# burnt while drying



## shot in the foot (Jan 3, 2010)

Im just wondering, i must have dried loads of naturals over the last year using a microwave, but today i put the fork in a plastic bag tied it then popped it into the microwave, 
i left it in for 45secs as the bag had swelled up the way they do, i opened the bag, and took the fork out, and a stream of boiling water sprayed out of a knot in the wood, 
it was strange it went at least 3 feet in the air and burnt my neck, it was a ash fork, the second time i put it in it was fine, anyone had this done before, jeff


----------



## mckee (Oct 28, 2010)

That very strange!


----------



## smitty (Dec 17, 2009)

I had one burst into flame and fill the house with smoke ! The micro still has a slight scent of my burnt fork ! I just threw it away. Now I just put them in the Jeep and leave them in there for a few months.


----------



## M.J (Nov 1, 2010)

I dried an apple fork in the microwave with a bag and it got really steamy.
Plus it smelled like apple cider, which was kind of nice


----------



## NoSugarRob (Jun 3, 2010)

tried putting a fork in the gas oven and stunk the whole block of flats out for an hour or two.


----------



## smitty (Dec 17, 2009)

No Sugar Rob, you crack me up ! You Da Man !!!


----------



## NoSugarRob (Jun 3, 2010)

smitty said:


> No Sugar Rob, you crack me up ! You Da Man !!!

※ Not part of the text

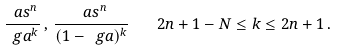Convert formula to latex. <formula><loc_0><loc_0><loc_500><loc_500>\frac { \ a s ^ { n } } { \ g a ^ { k } } \, , \, \frac { \ a s ^ { n } } { ( 1 - \ g a ) ^ { k } } \quad 2 n + 1 - N \leq k \leq 2 n + 1 \, .</formula> 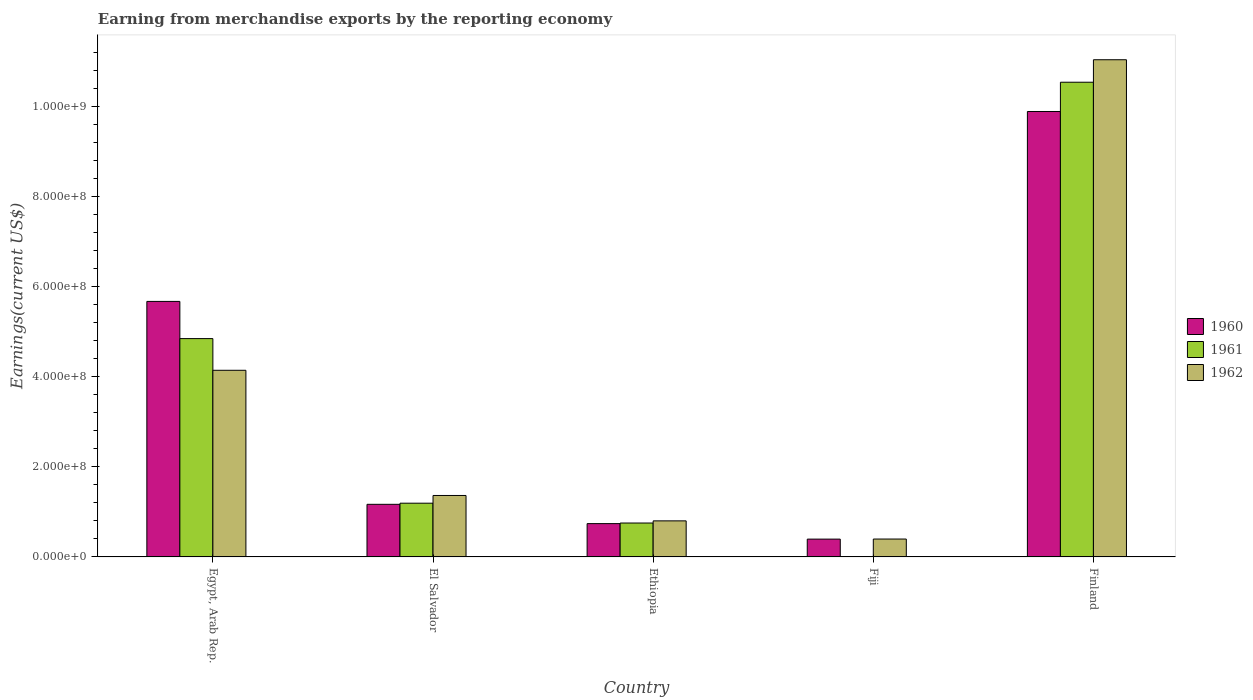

seemed like a good idea at the time. i went on to almost turn that fork into my first (made by me) functioning catty to.... but i cut the forks wrong and ruined it


----------



## NaturalFork (Jan 21, 2010)

I have seen water boil out but never shoot out like that!


----------



## kobe23 (Jun 28, 2010)

The only failure I had with microwave is when I overcooked the apple wood. It burnt from the inside.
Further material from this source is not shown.